Simics 5 offers improved debugging of Simics and Simics models. Debugging a Simics process works in Eclipse as well as from the command-line. Using a customized version of gdb, there is debugger support for Simics DML, including inspecting the types and values of DML variables and setting breakpoints and stepping through DML source code. As always, debugging Simics supports models and extensions written in C and C++. Python code debugging is supported using PyDev. The screenshot below shows an example of debugging a Simics DML model in Eclipse.
New Installer
Starting with Simics 5, Simics installation will use the Wind River installer used by all other Wind River products. This brings a new level of convenience to Simics installation – with the Wind River installer, all you need to do is to download a single installer file, and that will in turn download and install all other parts of the product. Users no longer need to know the particular packages that they should download, nor install each package manually.
The Wind River installer fully supports offline installations as well, since we know that our customers often need to be able to download and install Simics into installations that are truly offline.
Eclipse GUI Improvements
Simics Eclipse has been updated to Eclipse 4.4, and Simics Eclipse now has a Log view that displays log messages from the simulated target system.

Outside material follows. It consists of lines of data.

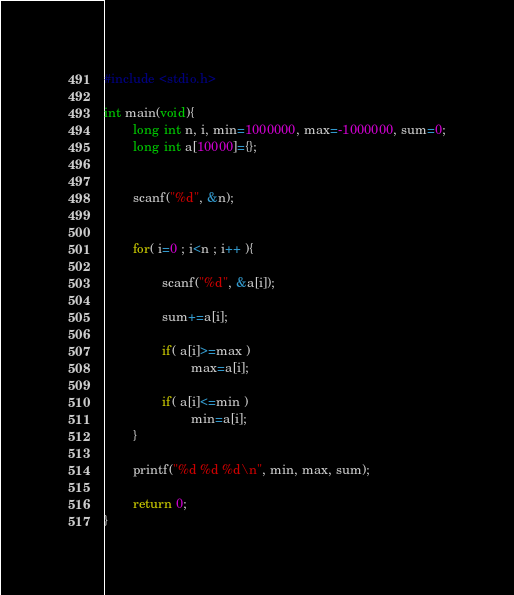Convert code to text. <code><loc_0><loc_0><loc_500><loc_500><_C_>#include <stdio.h>

int main(void){
        long int n, i, min=1000000, max=-1000000, sum=0;
        long int a[10000]={};


        scanf("%d", &n);


        for( i=0 ; i<n ; i++ ){

                scanf("%d", &a[i]);

                sum+=a[i];

                if( a[i]>=max )
                        max=a[i];

                if( a[i]<=min )
                        min=a[i];
        }

        printf("%d %d %d\n", min, max, sum);

        return 0;
}
</code>

This makes it easier to peruse the log messages that Simics emits during a run, and keeps the Simics command-line interface interaction cleaner, as can be seen in the screenshot below. It is also easier to read the logs when displayed in a structured table.
Summary
Simics 5 builds on the existing feature set of Simics, improving performance, making Simics easier to install and use, and adding collaboration and automation features. We have added features to make it easier to get value out of Simics, in particular for supporting Agile methods and continuous practices.